私は近年、ホラーから足が遠ざかりつつあるのだが、その理由は、ただ過度に残虐になりつつあるだけの最近のホラーに、特に興味を覚えないからだ。怖いもの見たさという気持ちはまだあるが、痛いもの見たさという気持ちにはあまりなれない。一方SFの方も最近は特によく見ているわけではない。最近のSFというと、SFというよりもファンタジーになってしまって、公開されている作品に子供向けじゃないSFがあまりないからというのが最大の理由だ。その上、話の展開を聞いただけでその設定は納得できないと難癖つける気難しい観客になりつつあるので、やはりSFからも足が遠ざかっている。どうしても話を聞いた途端、そんなのあり得ないじゃないかと思ってしまうのだ。どう考えても理想的なSFファンではない。


実は「サンシャイン」もたぶんにその要素は満載で、この作品について前知識を持っていたら、見に行こうとは考えなかったかもしれない。だって、地球温暖化が口やかましく叫ばれている昨今に、「サンシャイン」は、太陽が死滅して地球が氷河期を迎えつつある近未来という設定なのだ。毎年毎年温室効果で地表の温度が上がり、北極や南極の氷が融け出し、地表が海水下に没する、なんて環境問題が近年の最大の話題である時に、いきなり氷河期を迎えつつある近未来、なんて話を聞いてもまったくピンと来ない。


そりゃあ太陽だっていつかは衰えて死滅するだろうが、それはあと何万年、何十万年か後の話だろう。少なくとも西暦2057年に太陽が死ぬ可能性はまったくないことだけは確実だ。せめて時代設定を近未来みたいな感じにせず、もっとずっと後の遠い未来の話にしてもらいたかった。最後に地上の人類がちらと映るのだが、彼女らが今風の服を着ていなかったりするだけで、少なくとも話の説得力は何割か増すのにと思ったりした。

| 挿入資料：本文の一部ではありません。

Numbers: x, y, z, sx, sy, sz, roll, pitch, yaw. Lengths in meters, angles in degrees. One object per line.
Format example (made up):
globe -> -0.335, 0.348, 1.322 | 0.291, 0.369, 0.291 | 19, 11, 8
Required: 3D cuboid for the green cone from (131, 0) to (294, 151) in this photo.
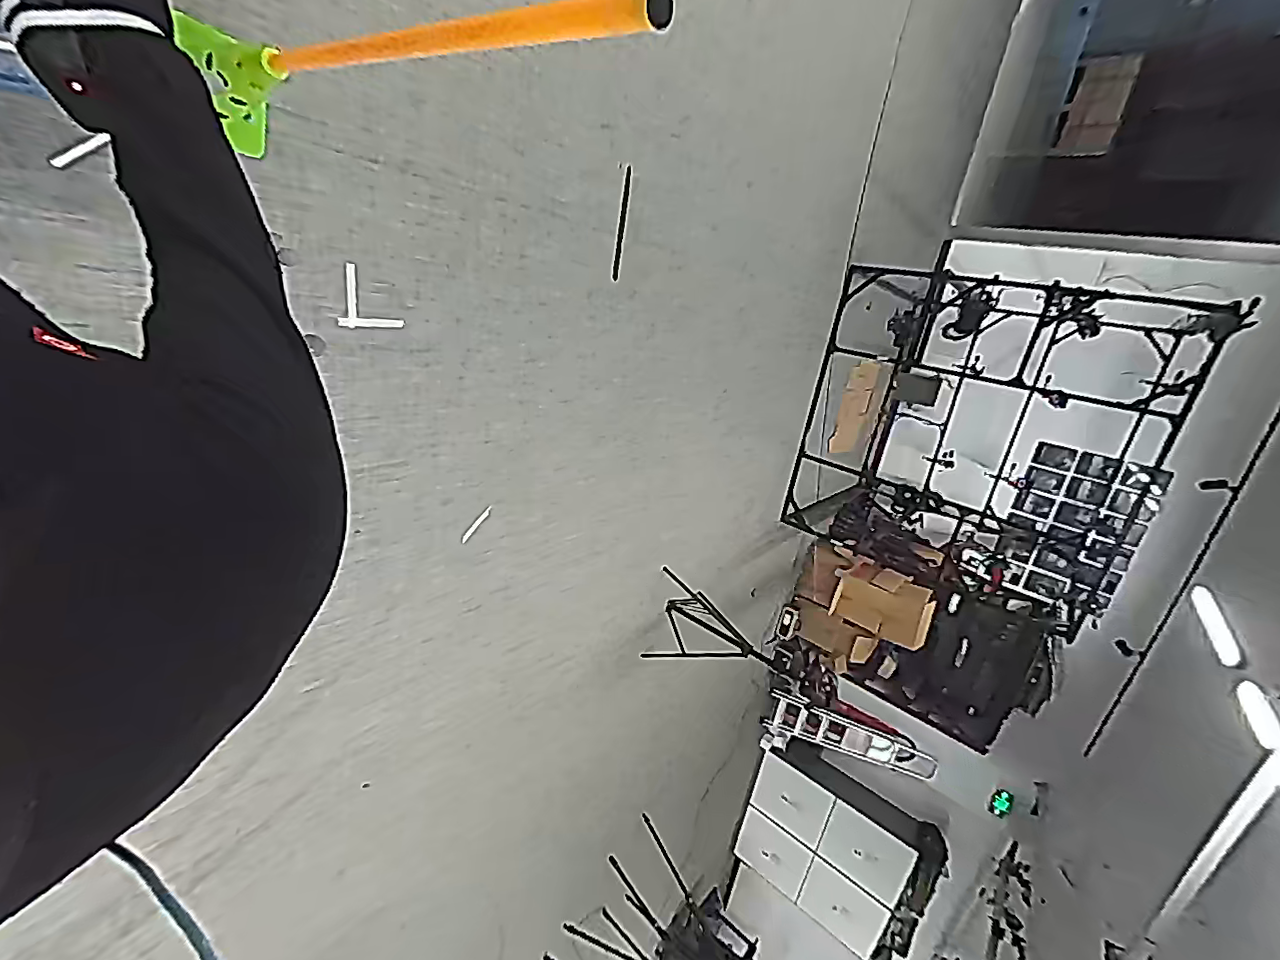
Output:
green cone -> -0.718, -0.722, 0.957 | 0.202, 0.368, 0.200 | -9, 116, -54
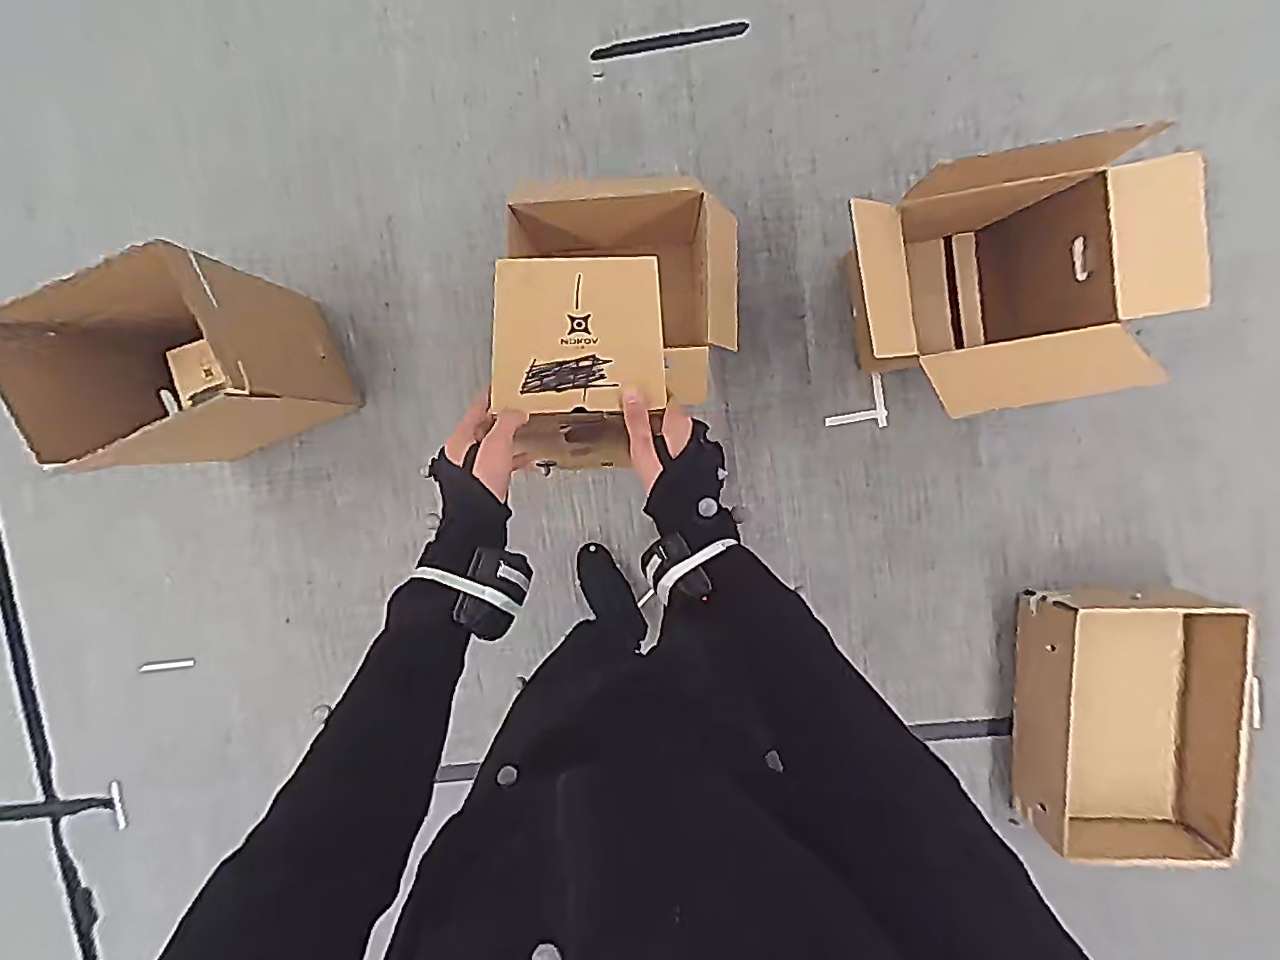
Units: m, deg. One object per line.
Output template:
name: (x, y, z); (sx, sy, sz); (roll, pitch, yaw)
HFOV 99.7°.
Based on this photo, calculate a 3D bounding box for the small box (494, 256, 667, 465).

宇宙船乗組員の使命は、太陽に接近し、中心部に核を撃ち込み再び活性化させるというものなのだが、その話が現実に可能性のある話かどうかは、かなり苦しいんじゃないだろうか。衰えたとはいえ表面で摂氏何千度はある太陽。それに接近するというだけでも大仕事であることは間違いない。それにできるだけ近づいて核弾頭を撃ち込むのだが、どれだけ耐熱仕様にして特殊シールドで保護していようとも、その熱に耐えられるものだろうか。船自体は耐えられても、中にいる人間は死にはしまいか。実際、宇宙服を着て船外作業をしている乗組員は、直接太陽の光に当たっただけで一瞬で消失してしまうのだ。しかし、いったいどういう種類の防御機構だから宇宙船本体だけは平気でいられるのか。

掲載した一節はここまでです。